======== Data records
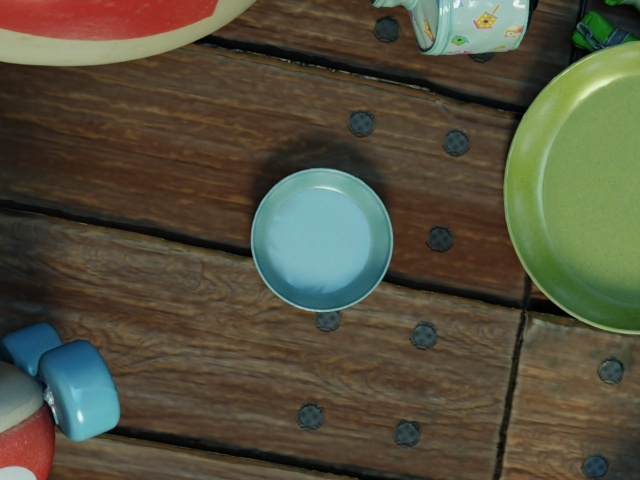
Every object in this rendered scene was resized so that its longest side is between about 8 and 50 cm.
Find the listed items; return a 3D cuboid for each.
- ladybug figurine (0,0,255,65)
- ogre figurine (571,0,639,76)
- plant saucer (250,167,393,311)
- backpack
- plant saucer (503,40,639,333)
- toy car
[{"bbox_3d":[-0.209,-0.292,1.468,0.449,0.162,0.305,-5,76,-24],"label":"ladybug figurine"},{"bbox_3d":[0.325,-0.195,1.634,0.197,0.097,0.118,-31,74,-25],"label":"ogre figurine"},{"bbox_3d":[0.000,0.000,1.599,0.119,0.021,0.119,1,86,-9],"label":"plant saucer"},{"bbox_3d":[0.107,-0.242,1.559,0.144,0.166,0.188,-10,85,-9],"label":"backpack"},{"bbox_3d":[0.268,-0.043,1.586,0.241,0.037,0.240,-2,87,29],"label":"plant saucer"},{"bbox_3d":[-0.256,0.214,1.466,0.219,0.210,0.238,-22,103,-21],"label":"toy car"}]
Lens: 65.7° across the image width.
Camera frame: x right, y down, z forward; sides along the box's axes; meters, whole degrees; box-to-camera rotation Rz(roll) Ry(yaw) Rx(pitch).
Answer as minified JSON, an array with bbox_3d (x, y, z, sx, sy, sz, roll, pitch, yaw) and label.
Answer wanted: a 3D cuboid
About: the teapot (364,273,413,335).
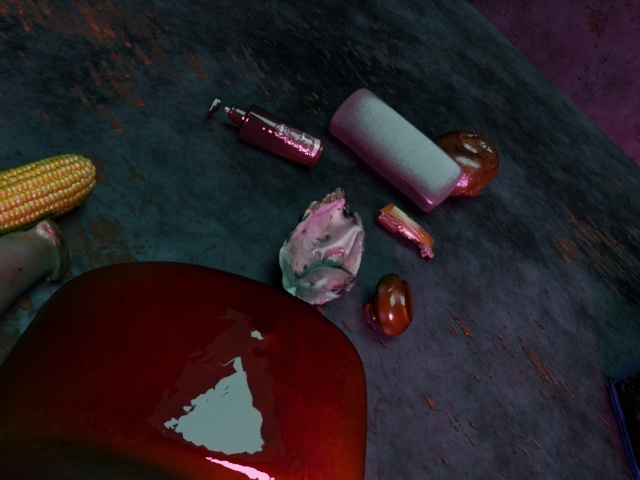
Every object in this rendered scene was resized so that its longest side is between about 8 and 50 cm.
[{"bbox_3d":[0.115,0.108,0.855,0.129,0.078,0.098,-68,143,-58],"label":"teapot"}]

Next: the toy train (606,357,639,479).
[{"bbox_3d":[0.731,0.371,0.969,0.265,0.188,0.300,22,44,-11],"label":"toy train"}]

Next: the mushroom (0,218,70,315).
[{"bbox_3d":[-0.378,0.046,0.537,0.093,0.116,0.225,3,34,15],"label":"mushroom"}]

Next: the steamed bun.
[{"bbox_3d":[-0.113,0.169,0.494,0.379,0.248,0.235,26,43,-15],"label":"steamed bun"}]

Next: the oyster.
[{"bbox_3d":[0.002,-0.002,0.857,0.199,0.087,0.252,19,51,-35],"label":"oyster"}]

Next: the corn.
[{"bbox_3d":[-0.394,-0.043,0.616,0.081,0.081,0.248,43,41,6],"label":"corn"}]

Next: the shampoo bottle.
[{"bbox_3d":[-0.109,-0.221,0.999,0.236,0.067,0.068,25,32,-14],"label":"shampoo bottle"}]

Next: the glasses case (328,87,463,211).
[{"bbox_3d":[0.172,-0.211,1.142,0.323,0.074,0.131,41,78,5],"label":"glasses case"}]

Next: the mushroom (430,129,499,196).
[{"bbox_3d":[0.354,-0.205,1.257,0.194,0.138,0.231,39,41,2],"label":"mushroom"}]

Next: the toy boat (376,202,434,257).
[{"bbox_3d":[0.182,-0.018,1.037,0.149,0.049,0.047,40,-2,-4],"label":"toy boat"}]
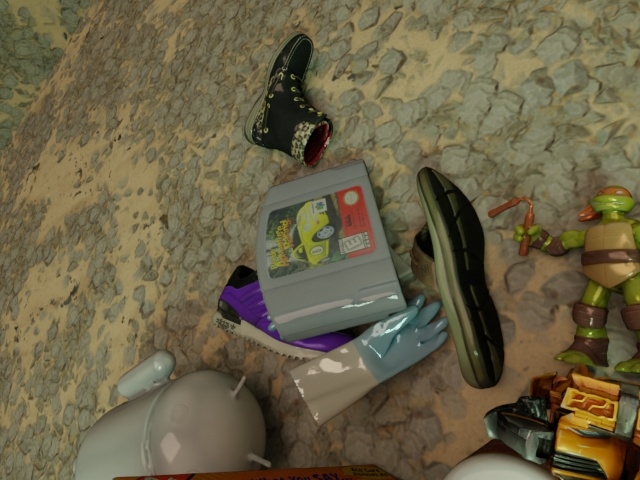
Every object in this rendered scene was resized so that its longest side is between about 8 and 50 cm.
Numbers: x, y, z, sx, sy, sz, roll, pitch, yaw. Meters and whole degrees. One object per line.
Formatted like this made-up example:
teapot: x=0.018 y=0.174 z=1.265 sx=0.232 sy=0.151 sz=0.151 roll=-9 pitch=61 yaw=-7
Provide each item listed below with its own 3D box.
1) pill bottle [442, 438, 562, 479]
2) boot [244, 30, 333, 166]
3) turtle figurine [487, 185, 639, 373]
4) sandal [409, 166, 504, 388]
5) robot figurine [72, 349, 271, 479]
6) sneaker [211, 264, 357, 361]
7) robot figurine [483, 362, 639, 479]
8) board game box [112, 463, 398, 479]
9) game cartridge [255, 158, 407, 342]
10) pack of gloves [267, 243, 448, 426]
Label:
pill bottle: x=0.192 y=0.251 z=0.383 sx=0.121 sy=0.216 sz=0.121 roll=-10 pitch=70 yaw=30
boot: x=-0.035 y=-0.268 z=0.786 sx=0.178 sy=0.085 sz=0.237 roll=34 pitch=100 yaw=34
turtle figurine: x=0.314 y=0.030 z=0.458 sx=0.269 sy=0.087 sz=0.218 roll=-5 pitch=75 yaw=53
sandal: x=0.162 y=0.037 z=0.541 sx=0.086 sy=0.120 sz=0.303 roll=-22 pitch=63 yaw=41
robot figurine: x=-0.231 y=0.329 z=0.644 sx=0.353 sy=0.199 sz=0.300 roll=-28 pitch=84 yaw=23
sneaker: x=-0.058 y=0.102 z=0.667 sx=0.293 sy=0.102 sz=0.146 roll=10 pitch=80 yaw=35
robot figurine: x=0.256 y=0.155 z=0.326 sx=0.210 sy=0.291 sz=0.085 roll=8 pitch=79 yaw=34
board game box: x=0.004 y=0.439 z=0.307 sx=0.356 sy=0.356 sz=0.357 roll=6 pitch=78 yaw=52
game cartridge: x=0.000 y=0.000 z=0.617 sx=0.195 sy=0.060 sz=0.294 roll=-19 pitch=46 yaw=11
pack of gloves: x=0.047 y=0.100 z=0.565 sx=0.232 sy=0.046 sz=0.195 roll=-28 pitch=56 yaw=-13
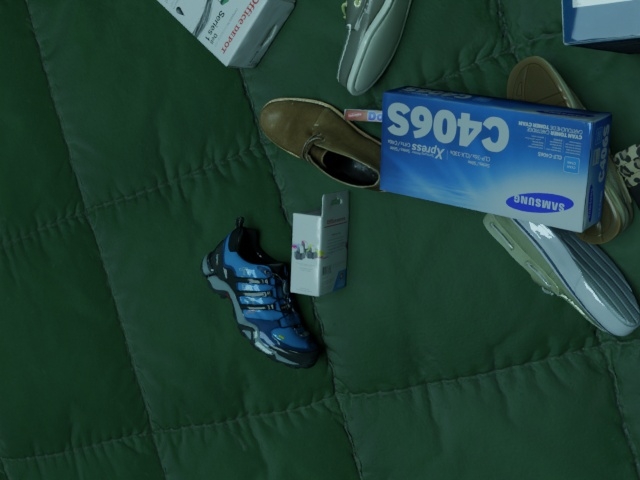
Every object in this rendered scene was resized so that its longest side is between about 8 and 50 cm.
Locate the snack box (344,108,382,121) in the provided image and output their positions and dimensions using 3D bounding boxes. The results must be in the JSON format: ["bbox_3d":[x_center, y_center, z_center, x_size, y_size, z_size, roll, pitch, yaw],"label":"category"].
[{"bbox_3d":[0.132,-0.210,1.554,0.178,0.064,0.022,7,102,29],"label":"snack box"}]

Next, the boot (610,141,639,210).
[{"bbox_3d":[0.612,-0.065,1.267,0.377,0.138,0.284,-27,84,36],"label":"boot"}]

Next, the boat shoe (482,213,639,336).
[{"bbox_3d":[0.378,0.037,1.444,0.302,0.109,0.094,54,132,23],"label":"boat shoe"}]

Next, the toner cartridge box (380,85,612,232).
[{"bbox_3d":[0.254,-0.131,1.396,0.347,0.075,0.165,14,115,35],"label":"toner cartridge box"}]

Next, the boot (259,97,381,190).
[{"bbox_3d":[0.001,-0.173,1.609,0.305,0.115,0.112,28,113,25],"label":"boot"}]

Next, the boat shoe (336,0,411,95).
[{"bbox_3d":[0.093,-0.394,1.526,0.091,0.109,0.305,29,105,24],"label":"boat shoe"}]

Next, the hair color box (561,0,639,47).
[{"bbox_3d":[0.414,-0.340,1.207,0.105,0.347,0.174,1,99,30],"label":"hair color box"}]

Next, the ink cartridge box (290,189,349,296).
[{"bbox_3d":[0.000,0.000,1.641,0.061,0.104,0.181,8,101,28],"label":"ink cartridge box"}]

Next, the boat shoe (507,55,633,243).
[{"bbox_3d":[0.385,-0.143,1.404,0.109,0.098,0.302,-31,84,43],"label":"boat shoe"}]

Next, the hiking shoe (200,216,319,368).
[{"bbox_3d":[-0.101,0.106,1.711,0.304,0.113,0.132,47,118,15],"label":"hiking shoe"}]

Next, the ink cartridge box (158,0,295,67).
[{"bbox_3d":[-0.177,-0.443,1.678,0.219,0.092,0.160,45,117,17],"label":"ink cartridge box"}]
================
Scan each line of the entries above for the word "Answer" and report how many lines contain it, with nothing else.

Response for this exercise | 2